3. A method of implementing a small input graph, small weighted convolution according to claim 1, said method comprising the instructions of:

a) Convolution calculation instructions:

description of use:

b) simd load data instruction:

set as ingenic_load (indata, VR0, m)

c) A frame load data instruction:

set to ingenic_vr2frame (VR 0, frame_load_id, num)

d) wram load data instruction:

set to ingenic_vr2wram (VR 0, wram_load_id, num)

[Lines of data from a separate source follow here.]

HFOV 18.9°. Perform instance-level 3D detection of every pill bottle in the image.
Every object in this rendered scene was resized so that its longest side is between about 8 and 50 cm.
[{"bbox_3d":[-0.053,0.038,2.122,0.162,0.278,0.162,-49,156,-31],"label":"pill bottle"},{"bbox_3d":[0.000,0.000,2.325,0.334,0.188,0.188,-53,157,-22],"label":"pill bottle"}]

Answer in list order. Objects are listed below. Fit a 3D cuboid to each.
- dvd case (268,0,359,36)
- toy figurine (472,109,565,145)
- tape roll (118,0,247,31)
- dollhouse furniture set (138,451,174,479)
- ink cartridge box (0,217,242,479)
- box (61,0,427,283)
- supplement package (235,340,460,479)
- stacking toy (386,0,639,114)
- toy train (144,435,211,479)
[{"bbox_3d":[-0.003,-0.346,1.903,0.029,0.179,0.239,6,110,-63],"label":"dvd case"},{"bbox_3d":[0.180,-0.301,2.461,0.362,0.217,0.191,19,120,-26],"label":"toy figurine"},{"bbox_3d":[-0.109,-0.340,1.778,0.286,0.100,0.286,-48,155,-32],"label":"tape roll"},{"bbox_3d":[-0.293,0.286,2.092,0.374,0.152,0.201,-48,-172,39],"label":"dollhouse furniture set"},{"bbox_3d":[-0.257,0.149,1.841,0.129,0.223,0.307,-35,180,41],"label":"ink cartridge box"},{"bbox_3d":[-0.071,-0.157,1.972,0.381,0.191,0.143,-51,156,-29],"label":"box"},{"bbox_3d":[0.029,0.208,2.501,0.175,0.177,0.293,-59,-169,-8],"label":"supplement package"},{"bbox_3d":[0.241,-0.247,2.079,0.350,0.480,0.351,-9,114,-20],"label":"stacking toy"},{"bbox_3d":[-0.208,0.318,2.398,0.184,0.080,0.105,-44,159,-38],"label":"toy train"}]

4. The method of claim 4, wherein,

ingenic_load(indata，VR0,1)

ingenic_load(indata，VR1,1)

using a fram load data instruction, loading data to fram:

ingenic_vr2fram(VR0,fram_load_id,1)

ingenic_vr2fram(VR1,fram_load_id,1)；

ingenic_load(widthdata，VR0,1)

ingenic_load(widthdata，VR1,1)

using a wram load data instruction, load data to wram:

ingenic_vr2wram(VR0,wram_load_id,1)

ingenic_vr2wram(VR1,wram_load_id,1)。

5. the method according to claim 1, wherein in the step S2.1, when the frame cannot be stored down, the method cannot be used; in the step S2.2, when wram cannot be stored down, the method cannot be used.

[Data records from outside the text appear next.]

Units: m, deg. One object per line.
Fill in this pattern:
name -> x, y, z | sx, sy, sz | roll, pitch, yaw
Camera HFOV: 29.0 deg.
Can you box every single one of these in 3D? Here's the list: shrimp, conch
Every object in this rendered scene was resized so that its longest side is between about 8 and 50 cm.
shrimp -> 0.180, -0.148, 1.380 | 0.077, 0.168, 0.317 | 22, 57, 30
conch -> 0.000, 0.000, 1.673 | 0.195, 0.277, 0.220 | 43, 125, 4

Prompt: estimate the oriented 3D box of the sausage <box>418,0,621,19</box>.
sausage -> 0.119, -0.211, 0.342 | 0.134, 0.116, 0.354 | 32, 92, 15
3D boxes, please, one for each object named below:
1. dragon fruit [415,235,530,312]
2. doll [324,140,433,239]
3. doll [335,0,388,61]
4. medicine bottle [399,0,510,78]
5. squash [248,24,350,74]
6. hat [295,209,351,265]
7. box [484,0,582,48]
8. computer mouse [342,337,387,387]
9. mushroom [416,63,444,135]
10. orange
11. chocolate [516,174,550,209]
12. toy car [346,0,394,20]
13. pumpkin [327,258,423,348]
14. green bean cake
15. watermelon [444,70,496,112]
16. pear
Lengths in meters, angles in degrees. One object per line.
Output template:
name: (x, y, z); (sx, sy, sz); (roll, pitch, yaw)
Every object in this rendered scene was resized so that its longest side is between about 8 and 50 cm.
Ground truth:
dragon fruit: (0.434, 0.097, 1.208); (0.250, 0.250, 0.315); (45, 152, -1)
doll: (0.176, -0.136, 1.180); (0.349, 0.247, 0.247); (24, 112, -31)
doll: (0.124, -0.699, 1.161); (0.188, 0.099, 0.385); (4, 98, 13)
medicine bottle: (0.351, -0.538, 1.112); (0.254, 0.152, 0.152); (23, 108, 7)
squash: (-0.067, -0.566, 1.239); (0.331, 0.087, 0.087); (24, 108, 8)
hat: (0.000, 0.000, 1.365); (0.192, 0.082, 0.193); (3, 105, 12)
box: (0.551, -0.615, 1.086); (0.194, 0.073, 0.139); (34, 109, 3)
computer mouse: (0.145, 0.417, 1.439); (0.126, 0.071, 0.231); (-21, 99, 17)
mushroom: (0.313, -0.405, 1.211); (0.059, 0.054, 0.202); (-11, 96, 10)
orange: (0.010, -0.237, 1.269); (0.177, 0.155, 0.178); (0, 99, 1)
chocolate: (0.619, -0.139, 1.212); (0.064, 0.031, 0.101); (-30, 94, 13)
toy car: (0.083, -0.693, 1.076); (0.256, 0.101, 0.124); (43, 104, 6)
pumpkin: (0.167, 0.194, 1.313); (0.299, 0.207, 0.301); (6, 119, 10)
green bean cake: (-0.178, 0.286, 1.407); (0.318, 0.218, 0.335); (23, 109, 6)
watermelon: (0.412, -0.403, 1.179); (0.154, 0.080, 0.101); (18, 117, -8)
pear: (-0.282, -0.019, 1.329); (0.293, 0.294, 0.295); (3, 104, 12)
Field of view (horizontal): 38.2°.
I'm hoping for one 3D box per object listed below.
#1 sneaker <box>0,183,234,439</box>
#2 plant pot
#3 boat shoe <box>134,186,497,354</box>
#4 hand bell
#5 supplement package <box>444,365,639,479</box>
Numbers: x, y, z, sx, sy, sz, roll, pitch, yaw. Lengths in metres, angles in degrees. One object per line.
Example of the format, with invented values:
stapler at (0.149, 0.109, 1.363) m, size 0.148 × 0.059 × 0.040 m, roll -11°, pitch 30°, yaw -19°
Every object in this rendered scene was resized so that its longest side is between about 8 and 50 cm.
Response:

6. The method for realizing the convolution of the small weights of the small input graph according to claim 3, wherein in the step S3, the convolution is calculated, and the order of generation is as follows:

a first 32x out _ with x out _ height is generated,

a second 32x out _ with x out _ height is regenerated,

……

until the last 32×out_width×out_height;

7. The method for realizing the convolution of small weights of the small input graph according to claim 6, wherein the specific implementation of the step S3 is as follows:

s3.1, initializing wram_id=0;

executing fram_id= (out_width_stride_w) (ydir_i_stride_h) 32 in_ic32;

performing vrd=out_width_ydir_i_32_in_ic32;

perform fram_id=fram_id+32×4_stride_w;

vrd=vrd+32×4 is performed.

8. The method for realizing the convolution of small input graph and small weight according to claim 1, wherein when the input feature graph is complemented with 0 according to the convolution requirement, if the convolution kernel is 3, the step size is 1, and the width and the height of the output feature graph are the same as those of the input feature graph, then the input feature graph needs to be complemented with 0, and the filling method is equal to the filling of the input feature graph, or only one side is filled according to the requirement of a user.